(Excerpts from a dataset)
- - - - - - -

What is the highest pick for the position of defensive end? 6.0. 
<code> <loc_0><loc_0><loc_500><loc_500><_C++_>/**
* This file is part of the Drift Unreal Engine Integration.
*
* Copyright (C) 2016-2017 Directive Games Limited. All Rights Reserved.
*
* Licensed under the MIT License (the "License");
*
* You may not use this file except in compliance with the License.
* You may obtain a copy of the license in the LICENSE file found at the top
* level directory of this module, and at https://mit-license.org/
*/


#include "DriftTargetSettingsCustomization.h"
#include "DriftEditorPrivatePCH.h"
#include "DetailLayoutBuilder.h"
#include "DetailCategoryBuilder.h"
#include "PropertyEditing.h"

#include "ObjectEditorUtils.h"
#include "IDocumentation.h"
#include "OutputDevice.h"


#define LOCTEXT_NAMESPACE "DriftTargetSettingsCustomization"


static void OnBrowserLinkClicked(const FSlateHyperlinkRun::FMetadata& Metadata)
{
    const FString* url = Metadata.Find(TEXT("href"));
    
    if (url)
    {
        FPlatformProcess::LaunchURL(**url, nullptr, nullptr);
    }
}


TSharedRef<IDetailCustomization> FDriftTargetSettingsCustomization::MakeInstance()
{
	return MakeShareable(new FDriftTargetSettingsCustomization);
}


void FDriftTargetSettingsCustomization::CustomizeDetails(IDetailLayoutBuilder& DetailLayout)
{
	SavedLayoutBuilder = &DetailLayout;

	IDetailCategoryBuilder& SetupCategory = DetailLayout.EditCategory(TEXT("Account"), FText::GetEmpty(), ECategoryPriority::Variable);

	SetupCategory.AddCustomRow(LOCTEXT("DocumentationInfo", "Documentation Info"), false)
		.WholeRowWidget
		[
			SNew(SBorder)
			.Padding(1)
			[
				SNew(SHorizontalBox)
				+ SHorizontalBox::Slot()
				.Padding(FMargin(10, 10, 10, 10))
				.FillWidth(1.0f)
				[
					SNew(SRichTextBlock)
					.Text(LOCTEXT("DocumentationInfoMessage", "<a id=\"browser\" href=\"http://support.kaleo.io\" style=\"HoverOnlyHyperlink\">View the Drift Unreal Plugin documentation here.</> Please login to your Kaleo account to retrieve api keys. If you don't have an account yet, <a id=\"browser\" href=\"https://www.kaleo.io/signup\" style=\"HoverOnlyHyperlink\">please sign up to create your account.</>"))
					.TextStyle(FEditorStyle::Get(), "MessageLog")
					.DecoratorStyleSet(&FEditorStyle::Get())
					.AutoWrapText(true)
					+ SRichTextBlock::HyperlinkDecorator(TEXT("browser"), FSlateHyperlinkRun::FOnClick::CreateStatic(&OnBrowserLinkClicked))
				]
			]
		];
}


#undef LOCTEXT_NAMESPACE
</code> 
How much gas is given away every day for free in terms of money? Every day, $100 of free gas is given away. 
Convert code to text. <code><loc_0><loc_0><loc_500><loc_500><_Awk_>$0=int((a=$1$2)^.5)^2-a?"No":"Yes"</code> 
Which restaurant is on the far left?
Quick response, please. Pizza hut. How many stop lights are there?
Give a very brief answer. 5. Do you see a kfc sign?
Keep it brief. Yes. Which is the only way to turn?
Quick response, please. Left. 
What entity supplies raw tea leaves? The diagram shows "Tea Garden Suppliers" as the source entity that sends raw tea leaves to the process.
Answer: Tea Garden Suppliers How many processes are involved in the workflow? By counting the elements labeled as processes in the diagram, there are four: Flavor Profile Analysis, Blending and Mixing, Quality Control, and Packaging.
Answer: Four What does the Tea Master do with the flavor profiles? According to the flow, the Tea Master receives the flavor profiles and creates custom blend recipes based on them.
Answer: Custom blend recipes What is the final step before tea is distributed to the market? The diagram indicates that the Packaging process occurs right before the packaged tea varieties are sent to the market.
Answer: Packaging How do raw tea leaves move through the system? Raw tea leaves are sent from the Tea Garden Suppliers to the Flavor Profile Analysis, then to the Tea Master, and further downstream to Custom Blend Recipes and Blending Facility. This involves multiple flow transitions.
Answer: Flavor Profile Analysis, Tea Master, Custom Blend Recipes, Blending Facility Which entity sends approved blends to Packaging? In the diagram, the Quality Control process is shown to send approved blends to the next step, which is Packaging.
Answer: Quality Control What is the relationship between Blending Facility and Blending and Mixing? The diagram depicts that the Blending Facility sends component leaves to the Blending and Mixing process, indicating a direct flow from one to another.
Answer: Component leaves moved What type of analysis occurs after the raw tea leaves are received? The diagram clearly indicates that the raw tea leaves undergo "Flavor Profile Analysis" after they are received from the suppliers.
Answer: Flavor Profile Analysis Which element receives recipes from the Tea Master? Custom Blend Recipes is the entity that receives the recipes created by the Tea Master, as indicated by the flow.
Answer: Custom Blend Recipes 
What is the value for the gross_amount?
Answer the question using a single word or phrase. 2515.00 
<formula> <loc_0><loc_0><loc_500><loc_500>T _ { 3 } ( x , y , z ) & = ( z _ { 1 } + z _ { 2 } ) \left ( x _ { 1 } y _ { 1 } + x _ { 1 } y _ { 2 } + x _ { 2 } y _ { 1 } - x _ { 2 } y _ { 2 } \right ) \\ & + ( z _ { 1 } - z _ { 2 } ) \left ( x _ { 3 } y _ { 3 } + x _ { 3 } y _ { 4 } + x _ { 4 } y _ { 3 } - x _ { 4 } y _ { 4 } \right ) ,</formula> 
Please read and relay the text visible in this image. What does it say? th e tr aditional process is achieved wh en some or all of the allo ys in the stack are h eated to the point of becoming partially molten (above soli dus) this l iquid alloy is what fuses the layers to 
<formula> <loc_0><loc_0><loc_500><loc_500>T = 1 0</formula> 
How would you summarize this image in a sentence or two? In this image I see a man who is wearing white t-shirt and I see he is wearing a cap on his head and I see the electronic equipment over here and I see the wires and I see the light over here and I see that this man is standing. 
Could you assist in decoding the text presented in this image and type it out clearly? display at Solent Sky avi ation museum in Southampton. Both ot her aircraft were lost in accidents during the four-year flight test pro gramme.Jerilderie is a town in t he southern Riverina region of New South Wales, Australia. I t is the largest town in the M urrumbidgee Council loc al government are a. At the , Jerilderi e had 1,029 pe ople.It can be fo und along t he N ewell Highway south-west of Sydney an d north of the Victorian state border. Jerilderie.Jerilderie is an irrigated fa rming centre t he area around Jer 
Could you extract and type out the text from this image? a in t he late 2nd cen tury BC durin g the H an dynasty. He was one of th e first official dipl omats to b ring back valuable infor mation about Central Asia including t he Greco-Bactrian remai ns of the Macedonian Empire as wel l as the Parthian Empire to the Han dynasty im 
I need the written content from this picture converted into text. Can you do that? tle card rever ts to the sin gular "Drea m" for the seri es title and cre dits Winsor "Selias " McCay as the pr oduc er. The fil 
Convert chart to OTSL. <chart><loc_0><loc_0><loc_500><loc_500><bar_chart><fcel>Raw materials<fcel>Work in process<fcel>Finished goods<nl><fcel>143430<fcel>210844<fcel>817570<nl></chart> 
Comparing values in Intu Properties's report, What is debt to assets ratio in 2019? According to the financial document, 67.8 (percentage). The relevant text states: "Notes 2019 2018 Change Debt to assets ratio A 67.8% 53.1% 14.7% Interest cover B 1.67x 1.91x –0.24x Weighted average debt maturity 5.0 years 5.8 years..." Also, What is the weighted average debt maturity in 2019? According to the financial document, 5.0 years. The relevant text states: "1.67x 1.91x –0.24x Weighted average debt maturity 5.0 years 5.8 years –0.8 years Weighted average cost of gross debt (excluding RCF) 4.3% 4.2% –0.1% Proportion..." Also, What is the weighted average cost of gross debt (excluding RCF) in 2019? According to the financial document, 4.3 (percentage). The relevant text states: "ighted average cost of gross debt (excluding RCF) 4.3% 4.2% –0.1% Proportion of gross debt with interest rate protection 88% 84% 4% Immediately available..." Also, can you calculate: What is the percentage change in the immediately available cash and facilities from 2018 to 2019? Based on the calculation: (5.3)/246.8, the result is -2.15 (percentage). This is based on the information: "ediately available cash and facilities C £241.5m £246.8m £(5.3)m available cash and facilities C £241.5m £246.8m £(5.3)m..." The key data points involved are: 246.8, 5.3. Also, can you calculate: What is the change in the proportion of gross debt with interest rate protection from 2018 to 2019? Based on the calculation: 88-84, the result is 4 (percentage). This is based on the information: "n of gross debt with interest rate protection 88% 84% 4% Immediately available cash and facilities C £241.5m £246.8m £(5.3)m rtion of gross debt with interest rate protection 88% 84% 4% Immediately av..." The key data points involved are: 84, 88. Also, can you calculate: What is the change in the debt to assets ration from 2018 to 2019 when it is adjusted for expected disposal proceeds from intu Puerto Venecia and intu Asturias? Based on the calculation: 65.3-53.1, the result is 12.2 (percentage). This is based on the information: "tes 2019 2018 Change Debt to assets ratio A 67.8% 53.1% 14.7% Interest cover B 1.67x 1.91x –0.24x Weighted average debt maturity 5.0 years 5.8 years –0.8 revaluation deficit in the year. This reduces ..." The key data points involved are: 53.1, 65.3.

- - - - - - -

Repeat every line of the data word for word until you have repeated the line that contains "SavedLayoutBuilder = &DetailLayout;", which is the last one to include.

> **Solution to this task**:
What is the highest pick for the position of defensive end? 6.0. 
<code> <loc_0><loc_0><loc_500><loc_500><_C++_>/**
* This file is part of the Drift Unreal Engine Integration.
*
* Copyright (C) 2016-2017 Directive Games Limited. All Rights Reserved.
*
* Licensed under the MIT License (the "License");
*
* You may not use this file except in compliance with the License.
* You may obtain a copy of the license in the LICENSE file found at the top
* level directory of this module, and at https://mit-license.org/
*/


#include "DriftTargetSettingsCustomization.h"
#include "DriftEditorPrivatePCH.h"
#include "DetailLayoutBuilder.h"
#include "DetailCategoryBuilder.h"
#include "PropertyEditing.h"

#include "ObjectEditorUtils.h"
#include "IDocumentation.h"
#include "OutputDevice.h"


#define LOCTEXT_NAMESPACE "DriftTargetSettingsCustomization"


static void OnBrowserLinkClicked(const FSlateHyperlinkRun::FMetadata& Metadata)
{
    const FString* url = Metadata.Find(TEXT("href"));
    
    if (url)
    {
        FPlatformProcess::LaunchURL(**url, nullptr, nullptr);
    }
}


TSharedRef<IDetailCustomization> FDriftTargetSettingsCustomization::MakeInstance()
{
	return MakeShareable(new FDriftTargetSettingsCustomization);
}


void FDriftTargetSettingsCustomization::CustomizeDetails(IDetailLayoutBuilder& DetailLayout)
{
	SavedLayoutBuilder = &DetailLayout;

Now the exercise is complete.